This uses an access token (the project_71_bot:$JULIA_REGISTRATOR_TOKEN stuff) to obtain credentials for the registry project and is run on every commit to master (but not on merge requests). If the version number has not been bumped, the LocalRegistry.register call won’t do anything. Merge requests for the registry are created by the create_gitlab_mr option and as soon as the registry CI job has passed they are automatically merged and immediately available.

  • Package Server

Packages are distributed using an in-house package server driven by the LocalPackageServer package. This means that the users have to set the environment variable JULIA_PKG_SERVER to point to this package server but they don’t have to add the company registry by URL, and they don’t need to have or bother with credentials for the GitLab server.

12 Likes

Thanks @ArnaudHenry and @GunnarFarneback for all the precious info.

So to sum up:

  • At the registry level

    • The registry can be created as for any other local registry using LocalRegistry.create_registry on the dedicated bare repo.
    • The registry should have a CI test job using RegistryCI.test in order to verify its integrity any time a package or a new version of a package is registered.
  • At the package level

    • Preferably, but not mandatory, julia packages should have their own separate repo.
    • A package should have several CI jobs
      1. A test job
      2. A registration job
      3. An optional documentation job

Some points are still unclear to me though your answers are already a lot:

  • @GunnarFarneback Is a package server required ? So far I’m just installing the registry on my pc and everything works fine.
  • @ArnaudHenry Are all the CI jobs done with a julia docker image ? How do you configure that part (sorry if it’s too much to ask)
  • @ArnaudHenry You developed TagBotGitlab with python, is it because GitHub - JuliaComputing/GitLab.jl is not developed ? Wouldn’t it be more straightforward to use that (if it were more advanced) ?
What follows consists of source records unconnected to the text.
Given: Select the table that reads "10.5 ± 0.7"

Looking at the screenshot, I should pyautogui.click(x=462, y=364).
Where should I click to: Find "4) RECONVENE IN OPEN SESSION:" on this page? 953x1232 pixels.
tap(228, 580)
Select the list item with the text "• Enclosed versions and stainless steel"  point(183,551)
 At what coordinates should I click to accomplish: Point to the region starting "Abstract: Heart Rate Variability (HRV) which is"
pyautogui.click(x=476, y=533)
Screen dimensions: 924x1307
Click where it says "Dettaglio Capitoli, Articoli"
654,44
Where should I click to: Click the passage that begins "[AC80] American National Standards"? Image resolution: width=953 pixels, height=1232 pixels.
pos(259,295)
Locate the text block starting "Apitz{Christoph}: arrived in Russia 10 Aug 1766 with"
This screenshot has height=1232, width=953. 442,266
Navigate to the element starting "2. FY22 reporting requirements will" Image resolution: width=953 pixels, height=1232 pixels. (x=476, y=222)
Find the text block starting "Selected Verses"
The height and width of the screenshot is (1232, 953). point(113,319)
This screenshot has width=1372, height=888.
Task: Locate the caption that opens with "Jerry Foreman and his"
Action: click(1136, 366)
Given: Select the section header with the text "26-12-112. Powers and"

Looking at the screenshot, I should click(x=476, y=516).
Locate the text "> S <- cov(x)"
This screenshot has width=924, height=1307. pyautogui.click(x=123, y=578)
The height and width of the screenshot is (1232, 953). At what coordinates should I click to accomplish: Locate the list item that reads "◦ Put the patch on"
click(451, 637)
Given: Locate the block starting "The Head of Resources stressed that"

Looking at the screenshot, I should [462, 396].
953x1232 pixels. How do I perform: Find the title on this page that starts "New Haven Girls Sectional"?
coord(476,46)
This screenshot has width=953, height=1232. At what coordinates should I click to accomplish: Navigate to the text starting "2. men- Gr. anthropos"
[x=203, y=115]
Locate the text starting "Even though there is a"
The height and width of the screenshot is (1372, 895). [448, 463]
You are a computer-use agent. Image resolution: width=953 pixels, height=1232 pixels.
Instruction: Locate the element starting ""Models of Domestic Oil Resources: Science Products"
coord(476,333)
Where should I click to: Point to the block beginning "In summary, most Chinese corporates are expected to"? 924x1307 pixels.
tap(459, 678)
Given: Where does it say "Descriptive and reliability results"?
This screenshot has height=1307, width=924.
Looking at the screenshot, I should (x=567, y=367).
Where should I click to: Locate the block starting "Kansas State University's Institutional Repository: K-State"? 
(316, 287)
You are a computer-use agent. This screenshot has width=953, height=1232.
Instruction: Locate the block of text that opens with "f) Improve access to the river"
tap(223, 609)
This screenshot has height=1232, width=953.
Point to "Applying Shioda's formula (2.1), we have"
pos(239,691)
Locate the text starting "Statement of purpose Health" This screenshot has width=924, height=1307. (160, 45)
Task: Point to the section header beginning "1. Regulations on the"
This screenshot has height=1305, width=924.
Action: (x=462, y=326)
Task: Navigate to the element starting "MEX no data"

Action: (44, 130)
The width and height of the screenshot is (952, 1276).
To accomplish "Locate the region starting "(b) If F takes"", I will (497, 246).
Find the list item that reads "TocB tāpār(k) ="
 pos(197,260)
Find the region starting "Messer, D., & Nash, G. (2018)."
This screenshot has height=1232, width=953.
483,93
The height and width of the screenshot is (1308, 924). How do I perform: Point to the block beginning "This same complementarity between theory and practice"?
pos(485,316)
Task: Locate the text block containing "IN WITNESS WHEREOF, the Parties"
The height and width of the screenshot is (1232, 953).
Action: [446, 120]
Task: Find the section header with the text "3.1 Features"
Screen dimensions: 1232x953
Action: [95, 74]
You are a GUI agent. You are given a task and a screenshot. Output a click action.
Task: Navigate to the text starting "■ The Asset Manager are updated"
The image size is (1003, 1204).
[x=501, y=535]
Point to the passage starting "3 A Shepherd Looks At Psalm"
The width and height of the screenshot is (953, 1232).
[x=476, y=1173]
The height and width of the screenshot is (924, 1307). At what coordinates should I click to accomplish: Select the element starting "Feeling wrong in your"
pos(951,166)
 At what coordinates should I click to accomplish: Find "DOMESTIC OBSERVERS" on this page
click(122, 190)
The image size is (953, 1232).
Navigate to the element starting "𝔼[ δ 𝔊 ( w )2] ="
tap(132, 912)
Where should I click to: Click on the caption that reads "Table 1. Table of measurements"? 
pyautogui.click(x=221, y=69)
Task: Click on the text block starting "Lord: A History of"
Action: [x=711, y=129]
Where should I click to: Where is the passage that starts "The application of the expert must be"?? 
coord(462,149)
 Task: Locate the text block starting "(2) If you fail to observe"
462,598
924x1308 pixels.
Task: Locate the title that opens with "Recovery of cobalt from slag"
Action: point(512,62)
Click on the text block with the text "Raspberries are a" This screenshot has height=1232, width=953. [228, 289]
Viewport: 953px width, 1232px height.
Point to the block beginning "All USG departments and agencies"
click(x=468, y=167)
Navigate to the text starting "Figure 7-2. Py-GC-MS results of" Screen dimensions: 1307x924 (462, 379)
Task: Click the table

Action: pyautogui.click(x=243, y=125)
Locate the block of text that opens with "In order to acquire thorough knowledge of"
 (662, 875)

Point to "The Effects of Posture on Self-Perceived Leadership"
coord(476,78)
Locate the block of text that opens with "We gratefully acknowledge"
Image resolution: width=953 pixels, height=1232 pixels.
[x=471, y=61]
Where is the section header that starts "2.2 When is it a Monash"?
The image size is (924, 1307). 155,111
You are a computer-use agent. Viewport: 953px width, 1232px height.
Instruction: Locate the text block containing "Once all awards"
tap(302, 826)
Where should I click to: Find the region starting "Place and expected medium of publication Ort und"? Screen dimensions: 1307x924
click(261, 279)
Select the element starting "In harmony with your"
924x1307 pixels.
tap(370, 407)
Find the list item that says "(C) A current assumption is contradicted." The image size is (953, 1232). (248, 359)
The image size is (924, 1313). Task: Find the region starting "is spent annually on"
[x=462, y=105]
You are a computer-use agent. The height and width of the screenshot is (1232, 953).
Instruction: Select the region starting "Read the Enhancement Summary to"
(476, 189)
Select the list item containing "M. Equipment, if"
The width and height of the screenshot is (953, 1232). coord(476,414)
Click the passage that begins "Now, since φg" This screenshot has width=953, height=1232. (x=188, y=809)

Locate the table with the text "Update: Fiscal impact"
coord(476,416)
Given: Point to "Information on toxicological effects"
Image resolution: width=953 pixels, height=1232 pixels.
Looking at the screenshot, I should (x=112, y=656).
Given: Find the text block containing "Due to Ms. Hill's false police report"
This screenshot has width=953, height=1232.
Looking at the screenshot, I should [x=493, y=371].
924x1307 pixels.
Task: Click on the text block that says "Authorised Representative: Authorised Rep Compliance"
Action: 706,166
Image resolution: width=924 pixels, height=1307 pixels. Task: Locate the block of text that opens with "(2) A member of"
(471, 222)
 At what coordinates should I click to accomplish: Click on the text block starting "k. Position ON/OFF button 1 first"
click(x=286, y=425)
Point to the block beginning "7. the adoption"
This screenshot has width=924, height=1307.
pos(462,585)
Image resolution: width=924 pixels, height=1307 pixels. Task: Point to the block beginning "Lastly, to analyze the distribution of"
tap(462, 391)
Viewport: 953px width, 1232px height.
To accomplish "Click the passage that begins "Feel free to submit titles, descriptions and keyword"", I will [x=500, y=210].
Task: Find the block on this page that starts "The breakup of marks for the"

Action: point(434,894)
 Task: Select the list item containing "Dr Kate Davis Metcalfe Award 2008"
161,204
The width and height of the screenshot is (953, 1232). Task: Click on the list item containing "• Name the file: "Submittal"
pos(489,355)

Anyway thanks again for all these tips, now I have to get into digesting this and test it on my setup !

1 Like

It’s a sound thing to do but to be honest I’ve never seen it fail. Then again, should I happen to introduce a bad enough bug in LocalRegistry, you may save time from detecting it early.

Not at all, it’s just a quality of life improvement if your organization struggles with GitLab credentials or have less technically inclined users who find adding a registry URL with Julia’s package manager to be an obscure thing to do.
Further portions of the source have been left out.